Wendeyidé C. Tiendrébéogo (Cibéline dans la pièce).

Le public, visiblement conquis, a partagé ses impressions après la pièce. Parmi les spectateurs, Jean-Baptiste Nacanabo, dramaturge et metteur en scène, salue la qualité de l’interprétation. « C’est une très belle pièce avec des acteurs qui ont sublimé la scène. Ce sont des acteurs que je connais. Et vraiment ce soir ils m'ont vraiment épaté et la mise en scène est vraiment au top. »

Aperçu du public, certains sont venus en couple. 

Pour lui, le thème est interpellateur, car c’est la réalité vécue par de nombreux couples et les insuffisances qu’ont certains couples.  « Quant à la thématique en couple, je pense que nous en avons vraiment besoin parce que nous traversons une zone de turbulence. Je parle de notre pays et, actuellement, nous avons besoin de paix, de dialogue, et ça commence en couple, ça commence par la famille. En couple dépeint notre vivre-ensemble et les tares de nos couples. Souvent on pense que tout va bien alors qu'il faut remettre en question certaines pratiques et remettre à jour notre vécu de tous les jours », a-t-il renchérit.
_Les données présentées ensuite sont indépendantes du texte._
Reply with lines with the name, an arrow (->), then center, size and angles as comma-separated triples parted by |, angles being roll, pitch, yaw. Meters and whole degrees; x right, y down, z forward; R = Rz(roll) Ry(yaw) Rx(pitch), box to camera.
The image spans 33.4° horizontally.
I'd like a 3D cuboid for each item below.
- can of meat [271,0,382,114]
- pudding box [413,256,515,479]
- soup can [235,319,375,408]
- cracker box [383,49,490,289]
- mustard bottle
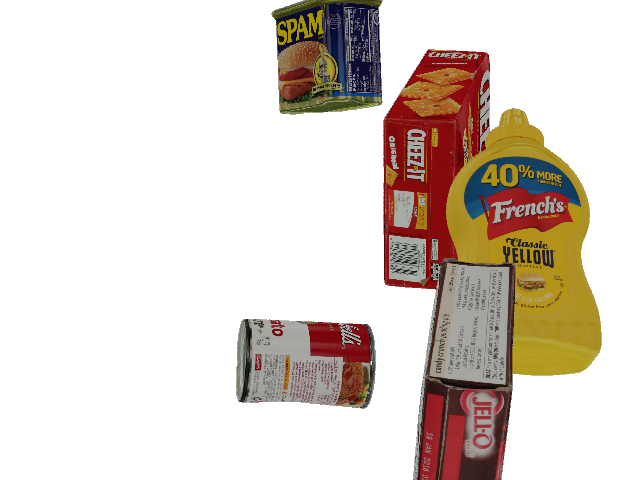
can of meat -> 0.006, -0.147, 0.856 | 0.057, 0.084, 0.102 | -4, 3, -33
pudding box -> 0.064, 0.071, 0.471 | 0.039, 0.090, 0.113 | 6, 26, 6
soup can -> -0.013, 0.098, 0.851 | 0.102, 0.068, 0.068 | 4, -1, -10
cracker box -> 0.115, -0.074, 1.013 | 0.072, 0.164, 0.213 | 5, 27, 16
mustard bottle -> 0.134, -0.007, 0.720 | 0.096, 0.191, 0.058 | 4, -30, -1
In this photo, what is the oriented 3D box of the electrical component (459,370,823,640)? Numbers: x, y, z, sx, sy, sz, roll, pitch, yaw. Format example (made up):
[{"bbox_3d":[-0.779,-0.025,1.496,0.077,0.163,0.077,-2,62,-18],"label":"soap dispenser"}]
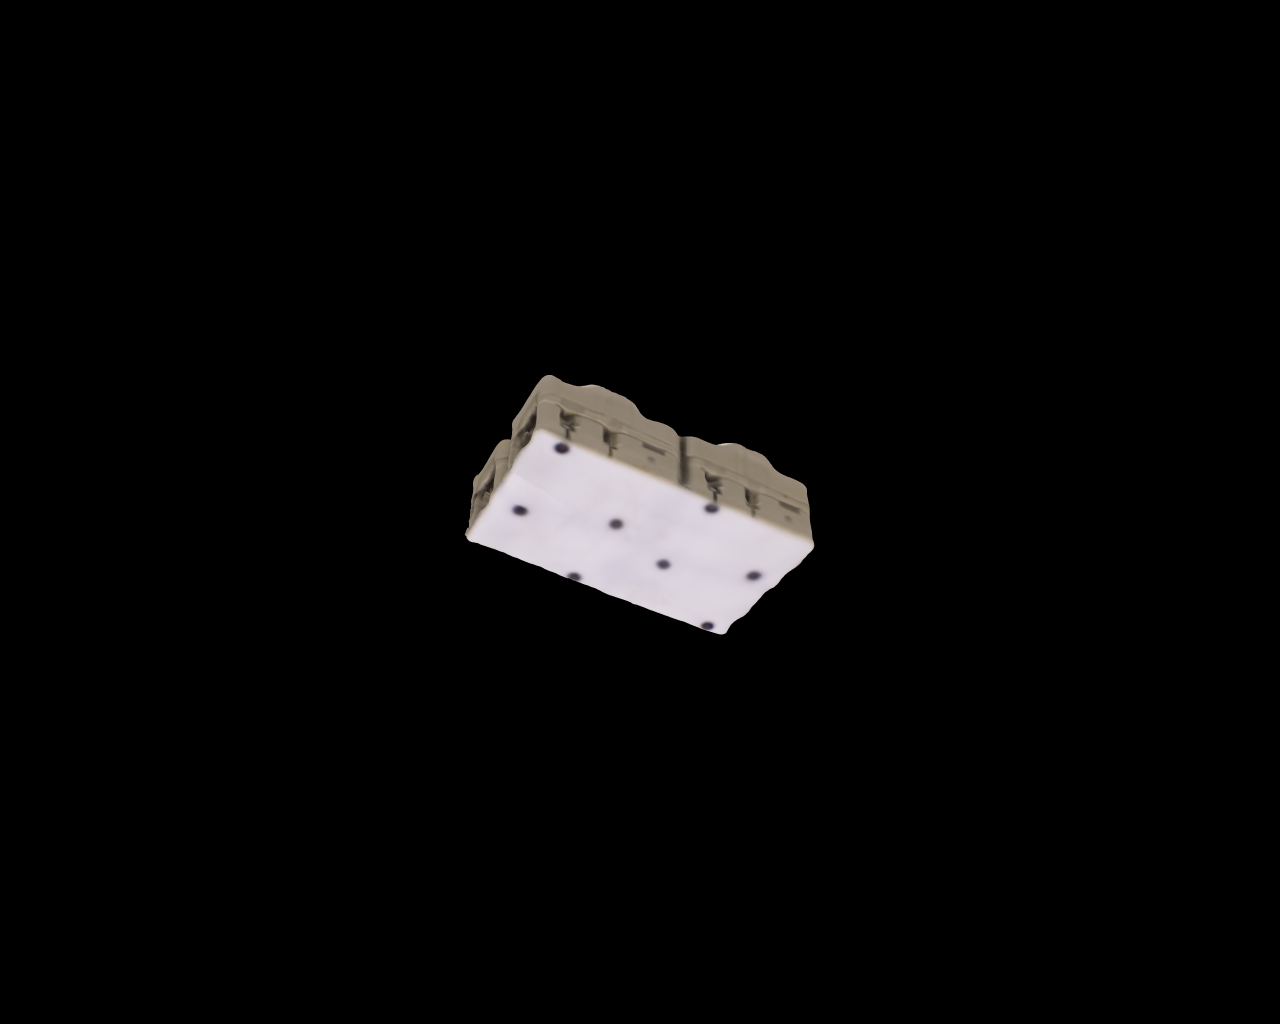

Pour Milogo Charles, spectateur, « la fin est intrigante. La leçon qu'on peut tirer, je dirai que souvent les couples ont besoin de distances pour savoir qu'ils s’aiment », tandis qu'Angèle Sangaré insiste sur la communication et la patience. « Concernant la leçon, on peut dire que les relations amoureuses ne sont pas du tout faciles, un peu compliquées, il y aura des hauts et des bas, mais ça sera toujours mieux de prioriser l'entente, la compréhension et tout pour pouvoir vivre mieux ».

Avec une mise en scène soignée et des dialogues percutants, ‘En couple’ ne se contente pas de divertir, elle pousse à la réflexion. La leçon finale est simple mais essentielle. Un couple ne se construit pas sur la seule passion, mais sur la compréhension, l'écoute et l'acceptation de l'autre, avec ses forces et ses faiblesses.